И стук той задней стенки кузова, хрястнув, врезался в воспоминание, как врезается кулак в оконное стекло.

*

Дорогой Дальберг,

Нет, ты явно перегибаешь палку. Я не нуждаюсь в полном реестре гадостей, имеющихся в твоем арсенале, и, может быть, уж хватит? Найди себе подходящего собеседника, и он тебе поможет связать концы с концами. И между прочим, мне не представляется свидетельством хорошего вкуса то обстоятельство, что именно сейчас ты начинаешь обзывать "Мыло" "занюханым журнальчиком".

Энди.

*

Милая Ферн,

Я получил новые стихи и фотографии. Стихи сильней гораздо, просто поразительно, с какой точностью они передают физическую радость бытия — хождения босиком по "нежным иглам" свежескошенной травы, сжимания в руке "водой разрыхленного мыла", ощущения под пальцами "грязных катышков, скользящих по белой коже". Но при всем при том это не вполне соответствует нашим требованиям. А фотографии — ну да, они значительно крупней. Но иллюстрировать ими стихи? Нет, я, к сожалению, не вижу смысла. И "Мыло", кстати, отнюдь не публикует фотографий, не знаю, с чего ты это взяла.

И раз уж пошло на откровенность, позволь тебе еще заметить: есть нечто решительно "не то" именно в твоей последней порции фотографий. Я не про освещение, фокус и все такое прочее, и вовсе я не хочу сказать, что ты не привлекательнейшая юная особа. Наоборот. Но меня смутило твое выражение лица на большинстве фотографий — зажатое, натянутое, даже надутое выражение лица. "Чрезвычайно мрачное — вот, пожалуй, самое точное определение. Прости, если это звучит грубо, но факт остается фактом: на этих фотографиях я вижу особу, совершенно непохожую на ту сияющую девочку, какую видел на прежних мелких снимках. Твое выражение лица теперь мне говорит о том, что горечь жизни есть твоя главная и подлинная тема. Я было всё приписал твоим домашним неприятностям, но теперь, исследовав фотографии вторично, я вижу иное объяснение, досадно банальное притом, и дело тут, боюсь, в саморегулирующемся таймере твоего фотоаппарата.

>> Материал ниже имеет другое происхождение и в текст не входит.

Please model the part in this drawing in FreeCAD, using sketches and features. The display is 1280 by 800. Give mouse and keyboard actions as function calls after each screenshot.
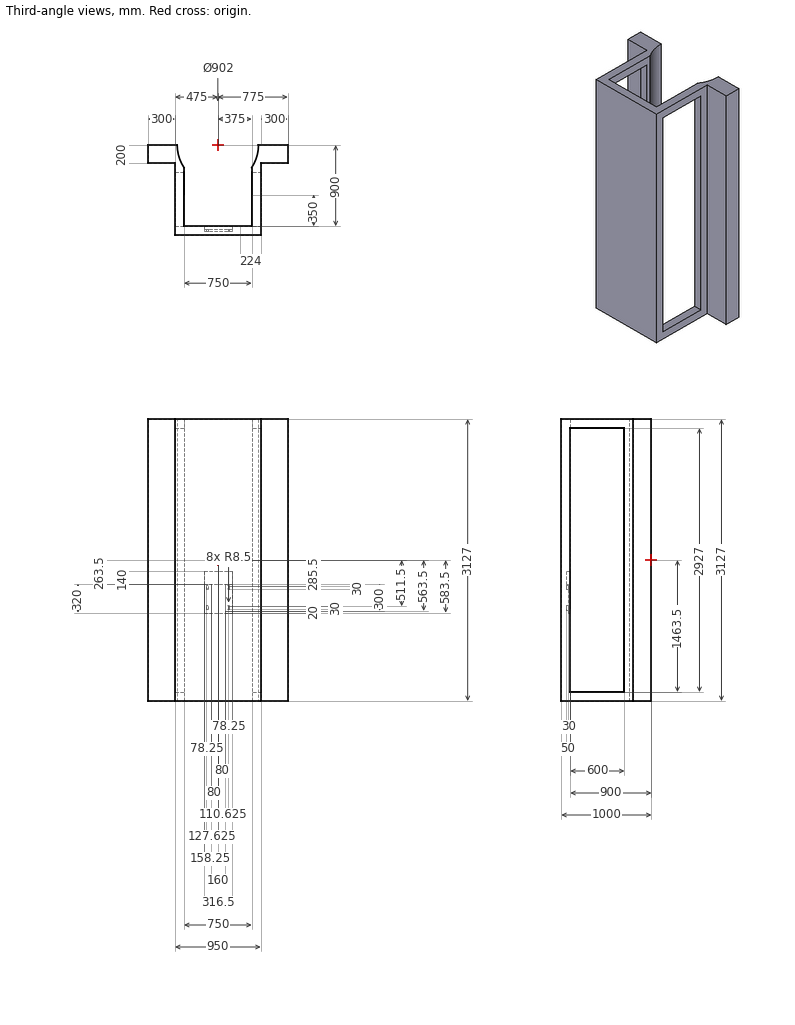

Вот, посмотри на снимок, который ты предлагаешь в пару к стихотворению "Вверх-вниз". Я тут улавливаю такую последовательность событий. Ты ставишь таймер, скажем, на полторы минуты, потом садишься на деревянную досточку качелей и отталкиваешься. Вцепившись в веревки обеими руками, ты встаешь на эту доску. Теперь ты, в помощь рукам-ногам, вовсю напрягаешь тазовый и поясничный отдел своего тела, но качели, к вящей твоей досаде, никак не хотят разгоняться, и, чтобы запустить их ввысь, тебе приходится задействовать еще и коленки. Все было бы прекрасно, иди тут речь о старом проверенном способе качания на качелях, чистого качания, качания для качанья, но ты не можешь себе позволить расслабиться и получать удовольствие, потому что мало того что ты проделываешь весь набор вышеописанных синхронизованных действий, тебе приходится считать секунды с точностью хронометра, возможно, про себя скандируя "раз Миссисипи, два Миссисипи". Тебе надо так отладить темп качелей, чтобы, максимально отведенные назад, они начали падать с высшей точки в тот самый миг, когда — по заданию таймера (одна минута тридцать секунд) — откроется затвор и ветер вздует твое платье, в точности как у тебя описано в стихах. Что же удивительного, если у тебя мрачный вид! Камера схватывает каждый мускул твоих икр и ляжек (догадываюсь, ты играешь в теннис, в эту порочную игру), но она же, увы, предательски подчеркивает все мышцы твоего лица, на котором отпечатлелось такое напряжение, как будто ты в уме делишь — или складываешь — мучительно большие числа. Может, даже "мрачное" — не то слово. Уместней тут "отчаянное".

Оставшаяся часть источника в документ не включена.